Launching of first indeginous chip manufacturing company.
An unusual rain simmers gently on the stone-paved courtyard of the plot 47 in Tassam nagar, washing over the bronze statue of Arjun Slikk (donated by Istvik Metalworks), the visionary engineer whose name now crowns the city’s most daring dream: Slikk Co—the first company to manufacture electronic chips completely indigenous to Vanchi.
A sea of umbrellas ripple under the heavy, electric sky. Spotlights cut through the mist, dancing over the geometric steel-and-glass façade of the new building—a structure that gleams like a shard of the future embedded in the earth. Inside the atrium, the ceiling stretches like a cathedral of circuitry, with walls that shimmer faintly with embedded micro-LEDs pulsing to a calm rhythm, mimicking the heartbeat of a machine.
Old man Tanmay Slikk, elder brother to Arjun, steps onto the dais, his traditional attire reflects the political background that he has. The audience hushes. His voice, calm yet resonant, booms through hidden speakers.
“Today, we stop importing the future. Today, Vanchi makes it at home.”
Thunder rumbles, as if the city itself growls in agreement.
Behind him, a colossal screen flares to life, displaying a live feed from the sterile heart of the facility. Engineers in navy-blue jumpsuits glide through a room where robotic arms, as delicate as a spider’s legs and as precise as a surgeon’s scalpel, assemble nanoscopic wonders. The chip—codenamed ‘ARJ1’—is no larger than a fingernail, yet it holds within it the fire of sovereignty.
The camera zooms in. The crowd watches breathlessly as the final wafer is etched, the company’s first fully Vanchi-made chip, its circuits forming the sacred geometry of computational elegance. Applause erupts.
A child in the crowd—his eyes wide behind thick glasses—whispers, “That chip… could go to the moon.”
Inside the factory’s control room, Kavya Slikk, daughter of the founder, presses a button with a trembling hand. Her face reflects on the screen in front of her, where thousands of chips begin their silent birth. Around her, the hum of machines synchronizes with the rising cheer from outside.
Back in the atrium, confetti cannons burst—not with paper, but with biodegradable silver foil etched with chip schematics, cascading like metallic snow over the crowd. Drones rise into the night, forming the glowing sigil of Slikk Co: a stylized infinity symbol split down the middle by a bolt of lightning.
The rain stops.
Tanmay raises his hand. A final gesture. With it, the great curved shutters of the facility pull open, revealing the core—a vast circular lab bathed in pale blue light. It is a fusion of industry and art, and its message is unmistakable:
We build here. We build now.

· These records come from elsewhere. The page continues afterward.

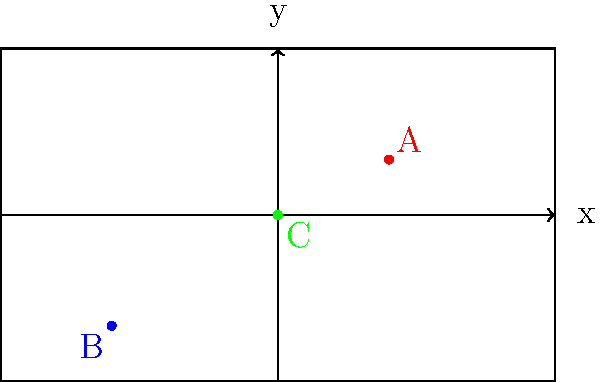As a sports team manager, you're analyzing player positioning on the field. Using the coordinate system shown, where the x-axis represents the width of the field and the y-axis represents the length, determine the coordinates of player B. What is the total distance between players A and B? To solve this problem, we'll follow these steps:

1. Identify the coordinates of players A and B:
   Player A: $(2, 1)$
   Player B: $(-3, -2)$

2. Calculate the distance between A and B using the distance formula:
   $d = \sqrt{(x_2 - x_1)^2 + (y_2 - y_1)^2}$

3. Substitute the values:
   $d = \sqrt{(-3 - 2)^2 + (-2 - 1)^2}$

4. Simplify:
   $d = \sqrt{(-5)^2 + (-3)^2}$
   $d = \sqrt{25 + 9}$
   $d = \sqrt{34}$

5. Simplify the square root:
   $d = \sqrt{34} \approx 5.83$

Therefore, the coordinates of player B are $(-3, -2)$, and the total distance between players A and B is approximately 5.83 units.
Answer: Coordinates of B: $(-3, -2)$; Distance: $\sqrt{34}$ units

We build for Vanchi.
The crowd surges forward. Children are lifted to shoulders. Engineers weep. A violin quartet begins to play, their instruments plugged into portable amps powered by Slikk’s own chips—sweet analog strings backed by the thrum of Vanchi-made circuits.
The story of Vanchi’s technological independence is no longer a promise.
It is a pulse.
It is a chip.
It is alive.
Slikk Co has begun.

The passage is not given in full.